Santa Monica 13
- Founded: 1920s
- Founding location: Santa Monica, California, United States
- Years active: 1920s–present
- Territory: Pico District, Santa Monica
- Ethnicity: Mexican American
- Activities: Murder, drug trafficking, extortion, assault, auto theft, robbery
- Allies: Mexican Mafia Sureños Venice 13 (after the truce)
- Rivals: 18th Street gang Culver City Boys Venice 13 Venice Shoreline Crips Grave Yard Gangster Crips Sotel 13

= Santa Monica 13 =

Mexican-American street gang

Santa Monica 13 or SMG is a Mexican-American street gang located in Santa Monica, California, United States. They reside mainly in the Pico neighborhood. Even though Santa Monica 13 is a Sureño gang, they wear their traditional black bandanas.

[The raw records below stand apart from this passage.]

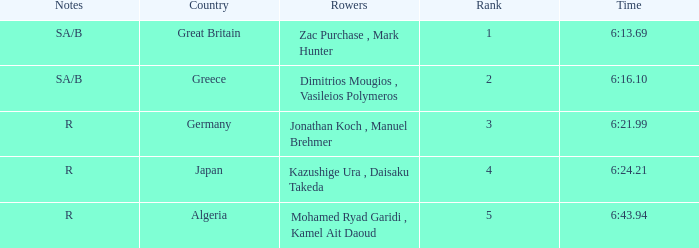What are the notes with the time 6:24.21? R. 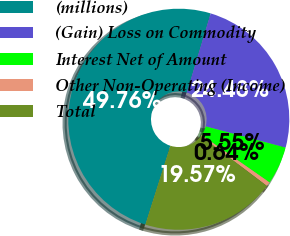<chart> <loc_0><loc_0><loc_500><loc_500><pie_chart><fcel>(millions)<fcel>(Gain) Loss on Commodity<fcel>Interest Net of Amount<fcel>Other Non-Operating (Income)<fcel>Total<nl><fcel>49.76%<fcel>24.48%<fcel>5.55%<fcel>0.64%<fcel>19.57%<nl></chart> 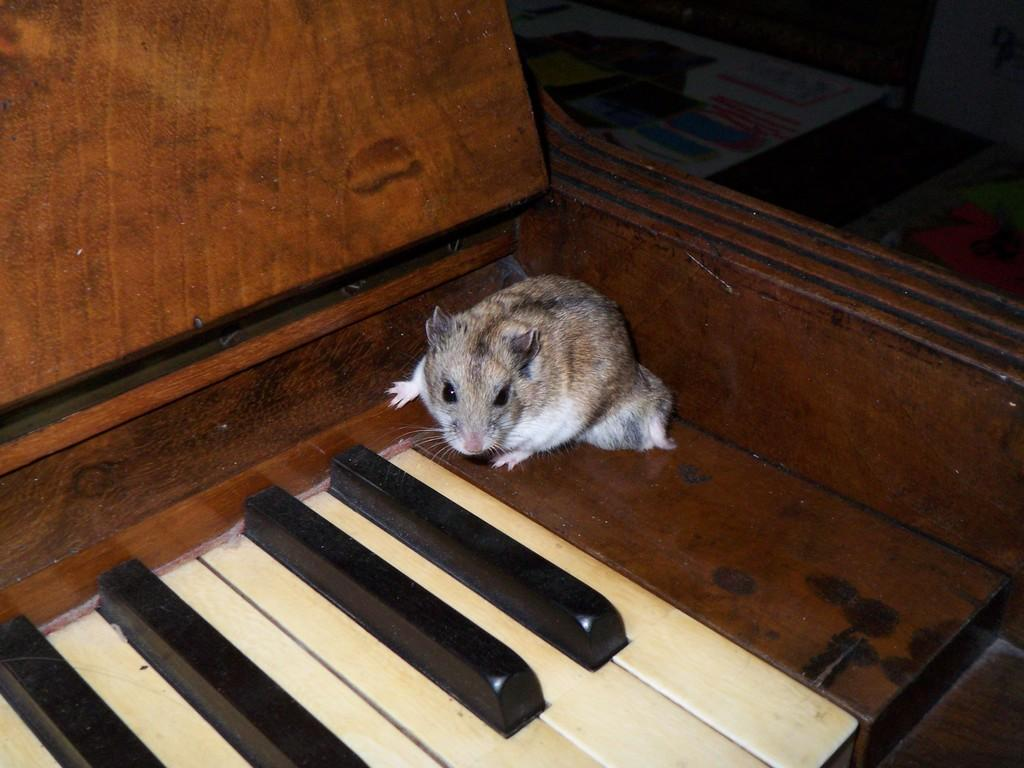What musical instrument can be seen in the image? There is a piano in the image. What unexpected creature is on the piano? A rat is present on the piano. What can be seen in the background of the image? There are boards visible in the background of the image. What type of print can be seen on the leaf in the image? There is no leaf or print present in the image; it only features a piano with a rat on it and boards in the background.

The acronym SM17 refers to Santa Monica 17th Street, which is the gang's primary subset or "clique". They write up "SMG" or "Santa Monica Gang" to show solidarity.

== History ==
The Santa Monica Gang was the first gang to originate on the Westside of Los Angeles in the late 1920s, formerly known as the Santa Monica Tomato Patch Gang. They had given birth to all the surrounding gangs in the area. The gang simply became known as Santa Monica 13 and, since the creation of the Mexican Mafia in the 1950s, have been known for their violent ways.

== Cliques ==
The only active clique remaining in the 17th Street gang are the "Pee Wee Locos", and the only active remaining clique of Santa Monica 13 are the "Little Locos". Other cliques have come and gone over time, including the 11th Street Chavos, 17th Street Tiny Locos, 17th Street Locas, 20th Streeters, 21st. Deadend Winos, Midget Locos and the Crickets.

== Graffiti ==
The gang's graffiti includes the symbols "SM" "SMG", "SM13" or "SMX3" and for the 17th Street gang, "SM17" or "SMXVII" plus "SMX7" or "SMXV2st".